Explain how a sweepback wing affects Mcrit? (4)
- As air flows over an aerofoil along its chord, it increases sonic and the aircraft’s Mach number reaches Mcrit.
- The chord wise speed of a a straight wing is greater than a sweepback wing if their free stream speeds are the same..
- When their chord wise air speed reaches sonic, the Vfs of straight wing is smaller than that of a sweepback wing.
- Thus a sweepback wing can increase its Mcrit.
How do vortex generators affect Mcrit? (4)
- When airflow passes vortex generators, microscopic energetic vortices are produced over the surface of the aerofoil.
- These vortices delay the formation of a shockwave, and delay the separation of the turbulent wake behind the normal shockwave if a normal shockwave has formed.
- So the aerodynamic difficulties caused by the normal shockwave on the aerofoil would be weakened and delayed.
- Thus, vortex generators on the upper surface can result in the aircraft travelling faster, therefore INCREASING MCRIT.
What are the main difficulties caused by a shockwave forming on an aerofoil travelling at transonic speed?
- Significant increase in drag.
- Decrease in lift by affected aerofoils.
- Shock stall.
Describe the characteristics low thickness to chord ratio transonic aerofoil? (5)

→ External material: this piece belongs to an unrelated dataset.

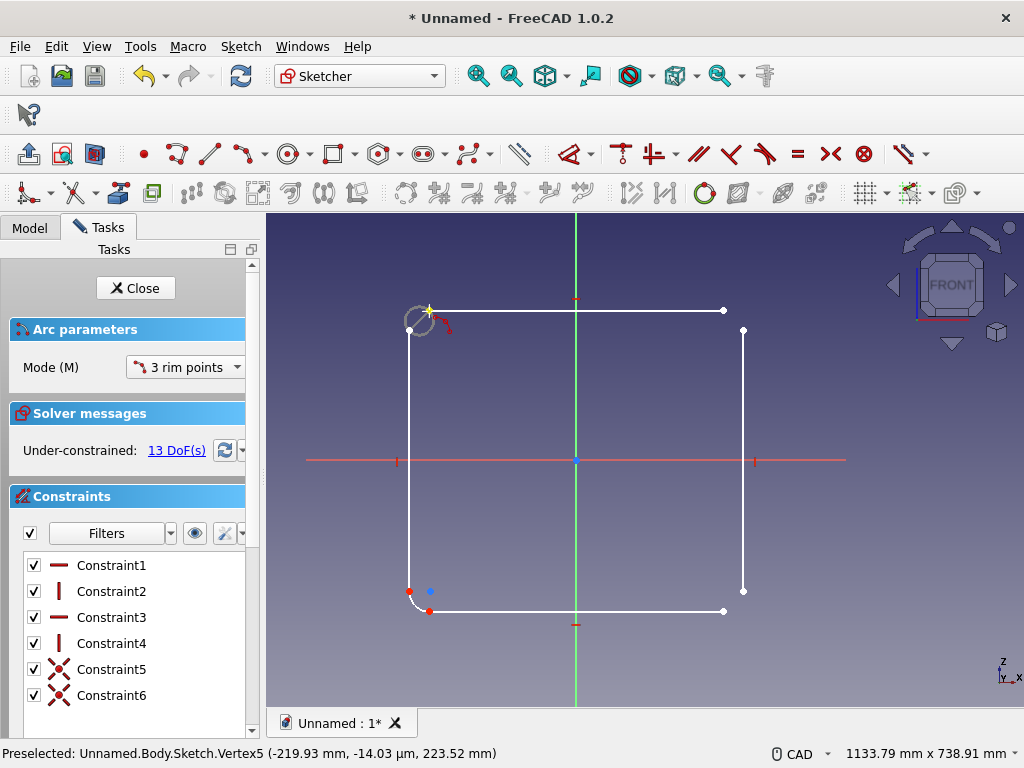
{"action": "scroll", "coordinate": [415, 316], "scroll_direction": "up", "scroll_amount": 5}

- Thin design of wings used for high speed flight.
- Cross sectional area of airflow path over an aerofoil increases gently if its t/c ratio is low.
- Thin aerofoil = high Mcrit.
- For the same design, the cross-section area of airflow path over an aerofoil decreases gently as well after it passes the most cambered location.
- Therefore, the airflow speed over a thin aerofoil increases gently and smoothly, while the pressure over the aerofoil decreases slowly, thus delaying the formation of shockwaves.
What are the effects of a strong shockwave with regards to a low t/c ratio? (4) What advantage does a low t/c ratio provide?
- Produces high shock drag; the turbulent wake behind the shockwave is more unstable;
- Mach buffet and shock stall can also occur easily with a strong shockwave.
- Therefore, a wing with a low t/c ratio experiences low shock drag and a higher Mcdr.
- Since the Mach number over the thin wing doesn’t increase quickly, the turbulent wake behind the shockwaves will be less violent, so the aircraft travels at high speed with better stability.
What happens to the buffet margin regarding t/c ratio?
It is possible that the buffet margin of an aircraft with thin wings greater than that with thick wings.
What happens to the lift and lift coefficient of an aircraft with a low t/c ratio?
- Pressure decreases slowly over a thin wing, therefore less lift compared to a thick wing, especially at low air speeds, i.e. less lift at low airspeeds (lack of ‘circulation’ when using circulation theory of lift)
- CL of thin aerofoil is low.
What is the supercritical aerofoil designed for?
Supercritical section to reduce shock drag, and to delay shock stall.